## THE TASK
Beginning with the line that contains "Answer: Stops current", output each line below exactly through the last one, both included, and nothing else.

## THE DATA
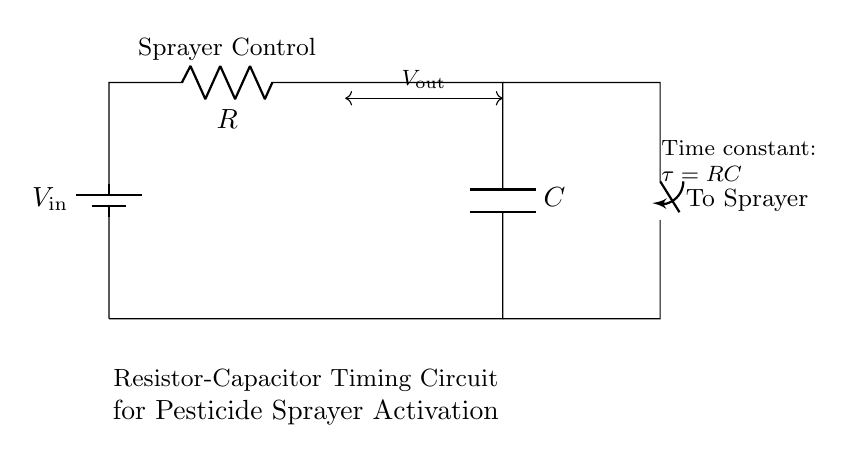What is the input voltage of this circuit? The input voltage is noted as V_in in the circuit diagram. It represents the voltage supplied to the circuit, typically from a battery.
Answer: V_in What components are present in this circuit? The components shown in the circuit diagram include a battery (power source), a resistor labeled as 'Sprayer Control', a capacitor, and a switch leading to the sprayer.
Answer: Battery, resistor, capacitor, switch What is the purpose of the resistor in this circuit? The resistor, labeled as 'Sprayer Control', is used to limit the current flow and is part of the time constant calculation for the timing circuit.
Answer: Current limiting What is the time constant of this circuit? The time constant τ is defined by the formula τ = RC, where R is the resistance and C is the capacitance. This time constant represents the time it takes for the capacitor to charge to about 63.2% of the input voltage.
Answer: τ = RC How does the switch function in this circuit diagram? The switch connects the capacitor to the sprayer when closed, allowing the stored charge to activate the sprayer. When open, it disrupts the current flow.
Answer: Controls sprayer activation What happens when the capacitor is fully charged? When the capacitor is fully charged, it reaches the input voltage level and stops drawing current. At this point, the voltage across the capacitor equals V_in, and the sprayer remains activated until the switch is opened.
Answer: Stops current flow What role does the capacitor play in timing the sprayer? The capacitor stores electrical charge and, together with the resistor, determines the timing of the sprayer's activation by controlling how quickly the circuit reaches the threshold voltage needed to trigger the sprayer.
Answer: Timing control

## ANSWER BOX
Answer: Stops current flow What role does the capacitor play in timing the sprayer? The capacitor stores electrical charge and, together with the resistor, determines the timing of the sprayer's activation by controlling how quickly the circuit reaches the threshold voltage needed to trigger the sprayer.
Answer: Timing control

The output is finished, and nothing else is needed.